Each of those rings has, (last time i did the math i need to dig my articles up again though as it's been a few weeks), 4 times the bandwidth, albit uni directional compared to AMD's bi-directional.But thats kinda one of the things i was getting at. AMD has to put all the traffic thats distributed across 4 buses, (though i couldn't find a good explanation of what the snoop bus was for), through a single much lower speed bus.

 

Also saying we don't know what effect the IF links have on latency is like saying we don't know what effect making everyone use 30mph mopeds will have on traffic congestion. You just have to look at  side data and use a bit of common sense on said data.

 

We know despite splitting transmission types across 4 different higher speed buses that the ring bus itself causes increased latency with more than 8 cores. If the ring bus itself is the issue that allready tells us the issue is one of the bus delaying things for some reason. And the only reason the ring bus would cause that kind of issue is if it;'s becoming overloaded with info.

 

Now obviously AMD and Intel processors aren't going to use identical intercore bandwidth. Thats a a Duh point. But they're absolutely going to be in the same general ballpark assuming Intel hasn't designed their CPU's to be horribly inefficient in this regard, (and if they had they could just fix the ring bus to work at bigger core counts by working on that). Given the massive bandwidth disparity between the Intel and AMD solutions the only way the 8 core parts couldn't be bandwidth starved is actual magic.
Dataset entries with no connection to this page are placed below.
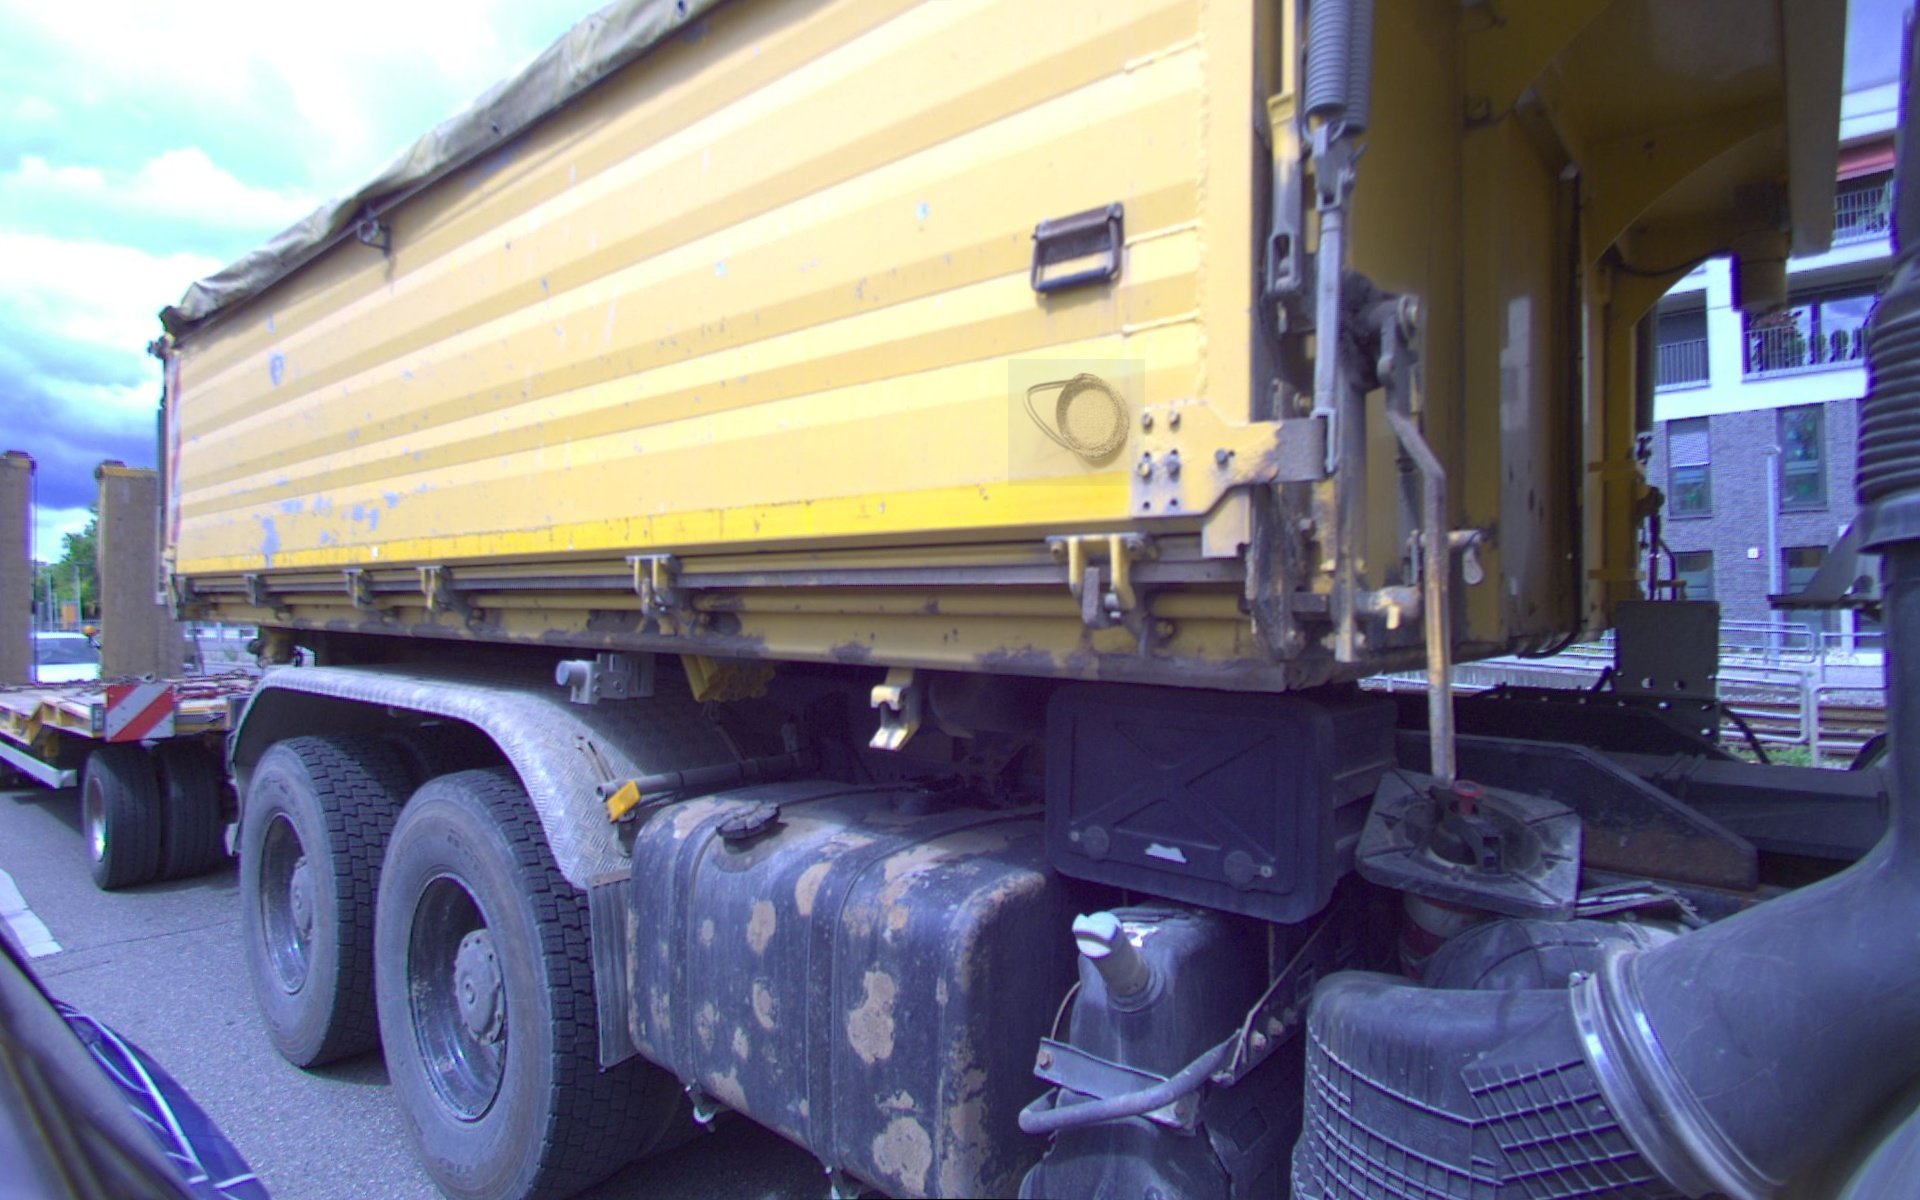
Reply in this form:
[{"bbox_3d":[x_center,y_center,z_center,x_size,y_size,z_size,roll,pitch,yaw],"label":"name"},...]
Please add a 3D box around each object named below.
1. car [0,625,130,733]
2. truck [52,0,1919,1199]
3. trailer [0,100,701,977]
[{"bbox_3d":[-14.059,1.128,15.294,3.784,1.427,1.761,-2,-1,41],"label":"car"},{"bbox_3d":[0.246,-0.230,2.796,7.999,3.420,3.019,-2,-1,40],"label":"truck"},{"bbox_3d":[-6.863,-0.143,9.008,10.957,3.726,3.018,-2,-1,40],"label":"trailer"}]

Because we know from the limitations of Ring Bus roughly what kind of bandwidth is required for an intel speed latency solution and we know AMD literally isn't even remotely close to that currently which means unless AMD has actual magic to make intercore communication restricted almost entirely to purely in CCX there's no way they cannot be bandwidth starved on higher core count parts.

 

Obviously on HEDT and Server parts where intel clocks are lower and they're using a mesh that starts to fall off as intel's bandwidth drops, (because of the frequency point you mentioned), and their mesh just isn't quite as blazingly fast for a given bandwidth in the first place AMD's issues get less, helped by the fact that the lower clocks also mean each core is doing less work reducing the needed bandwidth for the communications. Not to mention cross die communications are as you noted different in Zen1 and Zen+ from interCCX.